Click on the photo at the top of the post to see a larger view of the December spread. There you can see the boxes at the top, and also all the international holidays listed.

As if the excellent monthly layout weren't enough for this great little calendar, it's also packed with other features.

There is an annual planner for an overview of your entire year: A very useful and detailed World Time Zones map:


Detailed maps of the US (not shown) and Canada (shown below), and a chart of average monthly minimum and maximum temperatures for lots of cities worldwide (great for helping you pack accordingly):There is an overview calendar for next year, and a couple of pages for notes:
The Visoplan uses the luxurious 90g acid-free Clairefontaine paper, and is printed with gray and teal inks which are very pleasant to look at. There is a lot of attention to detail and a high level of aesthetics in this little planner!

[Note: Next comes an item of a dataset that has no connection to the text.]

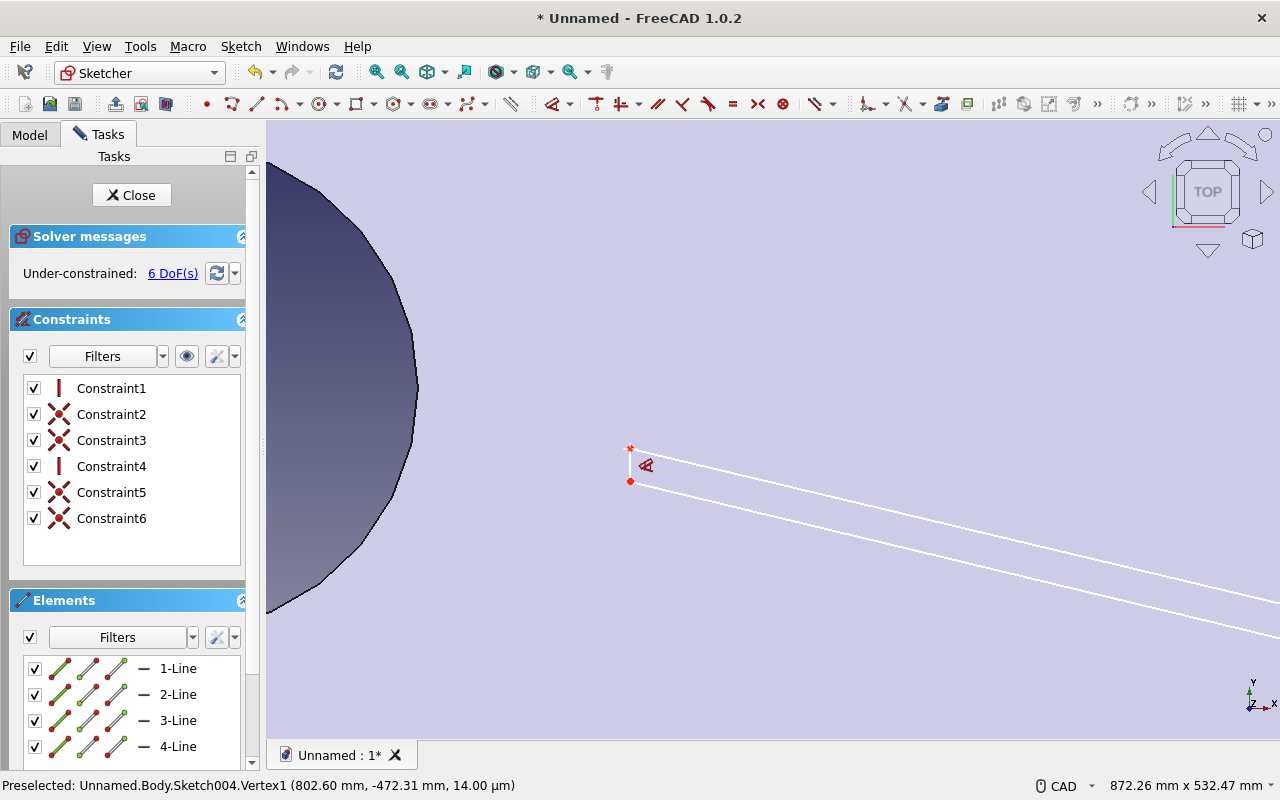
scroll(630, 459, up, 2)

At first I tried putting it inside the front cover of my Minister, but it slid around when opening and closing the book. So I realized it would stay put better inside the back cover. I placed it under my address book insert, and taped the back cover of the Visoplan to the edge of the back cover of my address book, so that it stays firmly in place. It's so slim it's hardly noticeable in my Minister:

The Visoplan opens horizontally:
I would prefer if it opened vertically, but it's not a dealbreaker for me. It's worth turning my book because the monthly format is so nice. I know the format would have to be different with a vertically-opening book.

I am really happy with this setup. Of course I would prefer having the monthly calendars already in my Minister, or a Minister-sized monthly insert, but the Visoplan is the next best option.

I bought the Visoplan refill (without the cover) on www.TheDailyPlanner.com for 3 bucks. You can also get the Visoplan with a variety of colors and styles of covers.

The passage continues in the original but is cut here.